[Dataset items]
^^^^^^^^^^^^^^^^
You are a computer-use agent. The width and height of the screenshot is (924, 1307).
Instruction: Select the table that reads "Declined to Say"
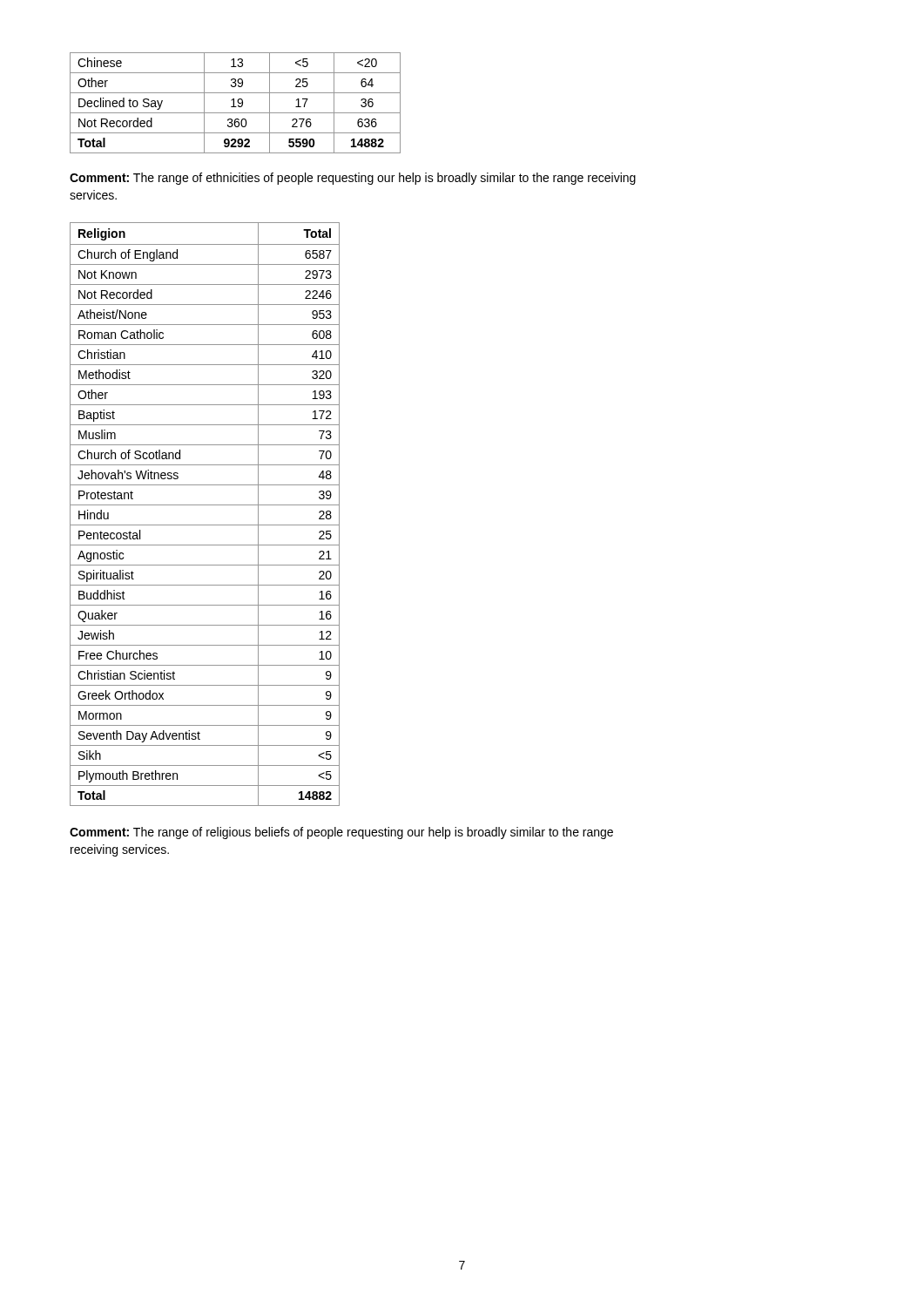click(x=462, y=103)
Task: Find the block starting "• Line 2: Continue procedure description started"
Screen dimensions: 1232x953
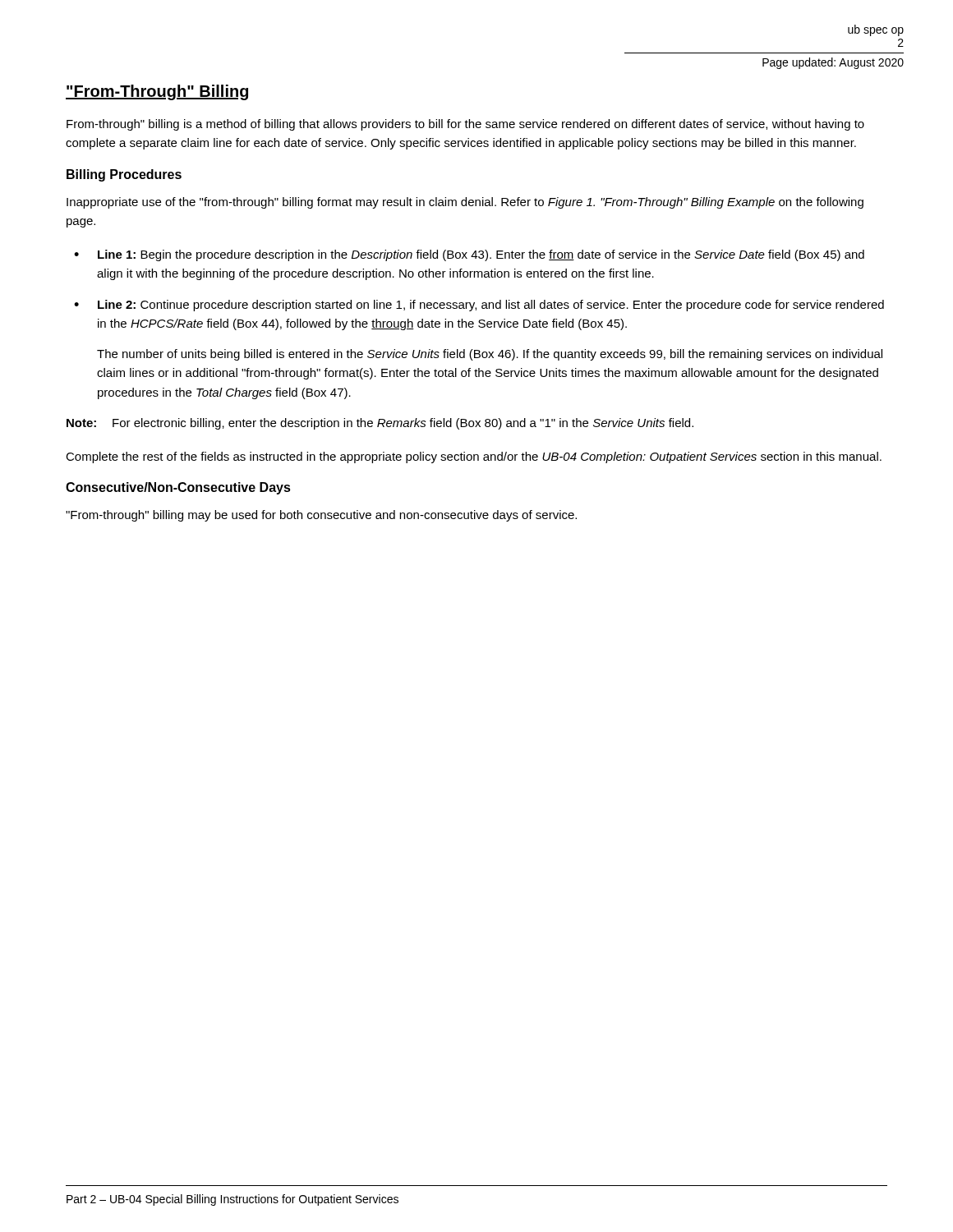Action: [x=481, y=314]
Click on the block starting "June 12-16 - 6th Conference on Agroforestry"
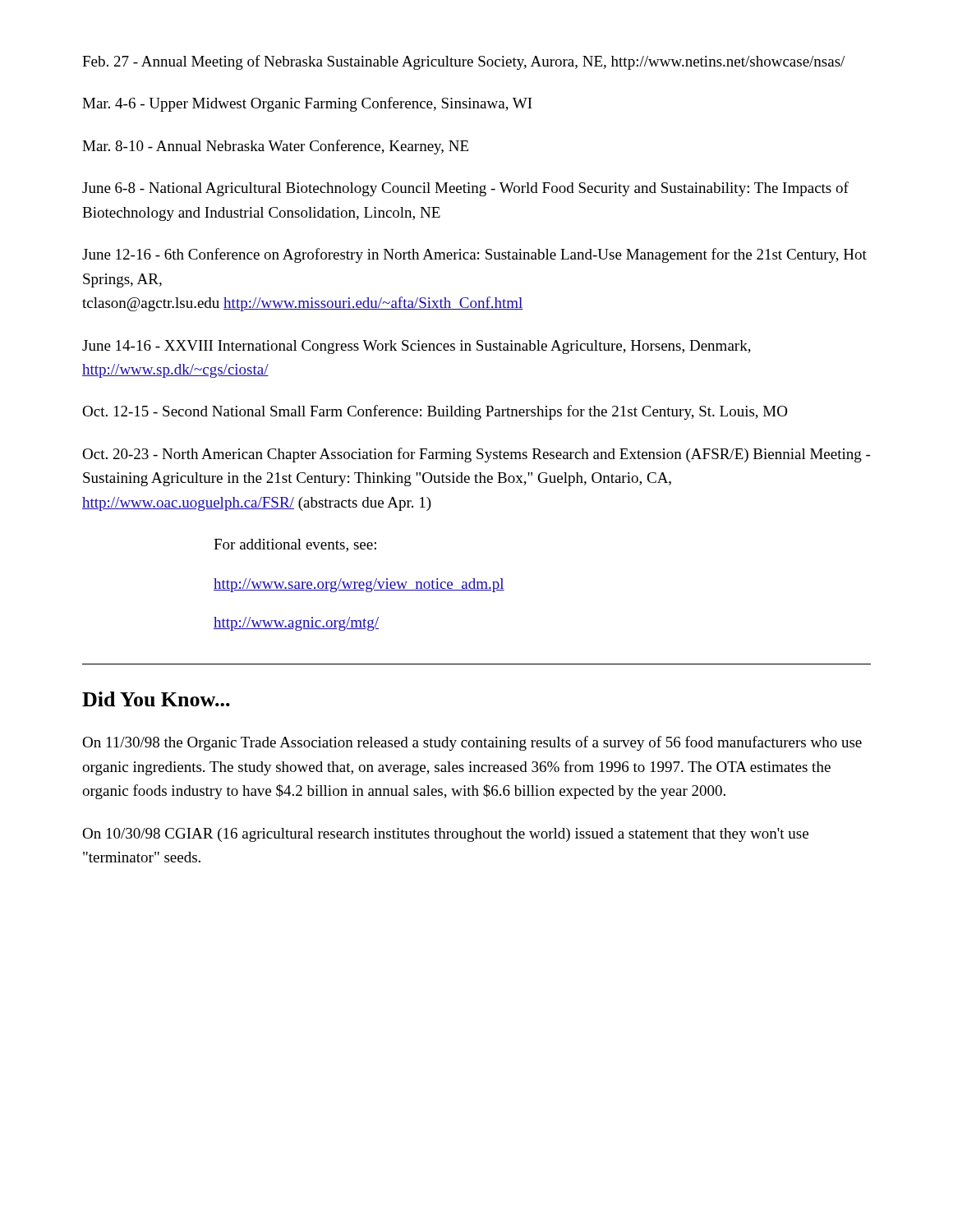 [x=474, y=255]
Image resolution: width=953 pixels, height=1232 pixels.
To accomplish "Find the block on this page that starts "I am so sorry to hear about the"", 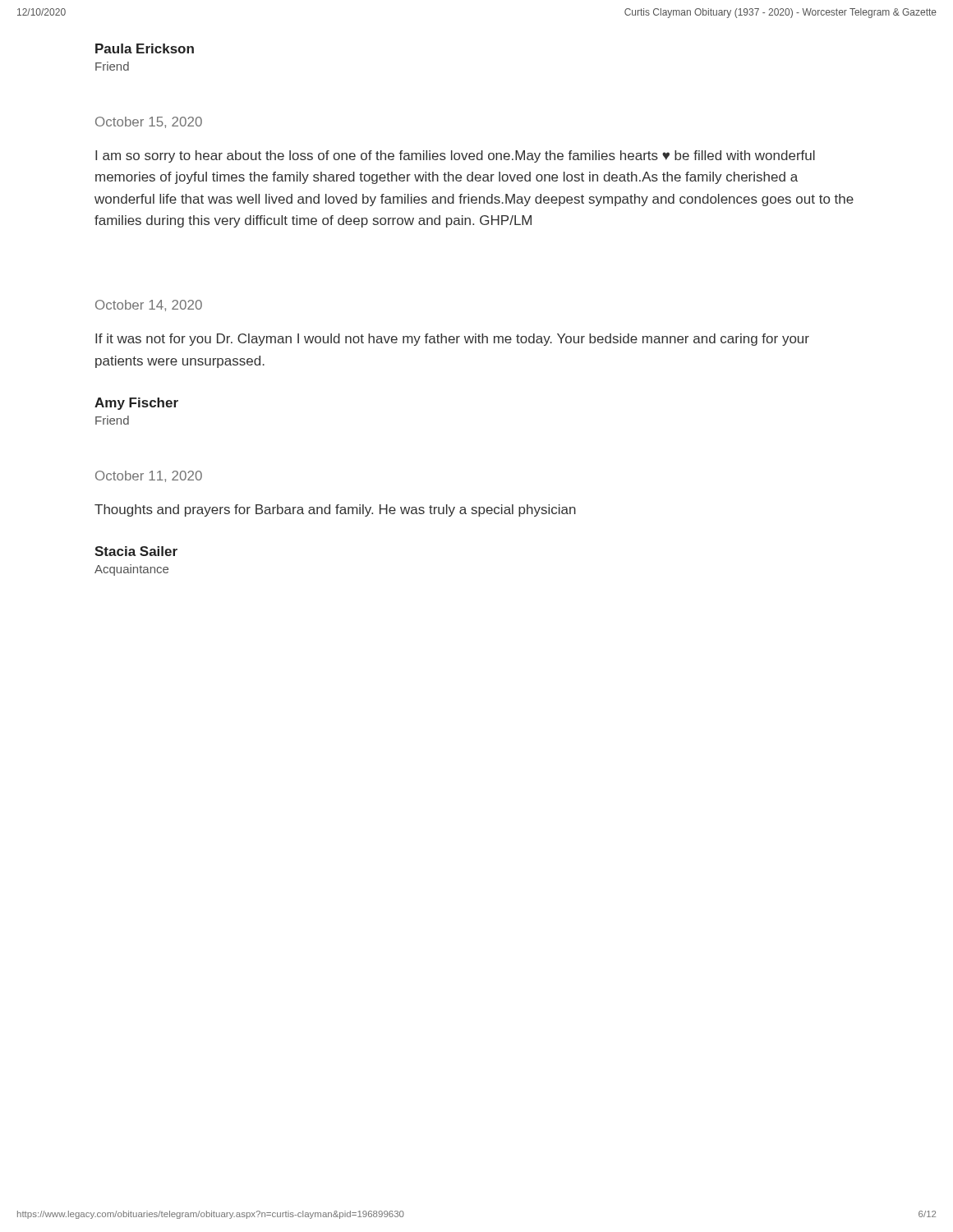I will 474,188.
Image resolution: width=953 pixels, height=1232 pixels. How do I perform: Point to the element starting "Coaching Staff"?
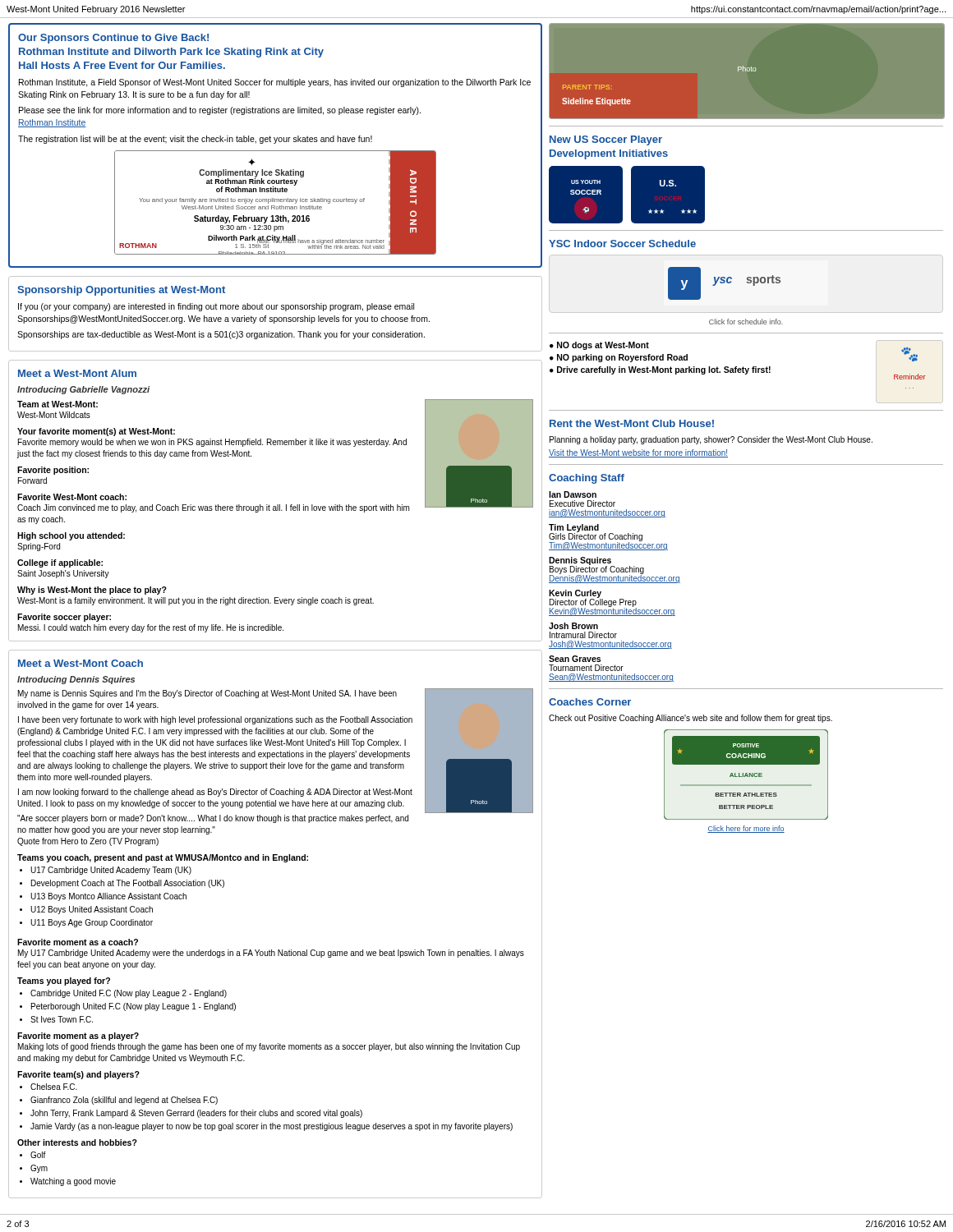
^^^^^^^^^^^^^^^^
# Task statement:
I'd like the number of lines above that contain the word "width", and nothing besides that number.

# Written response:
3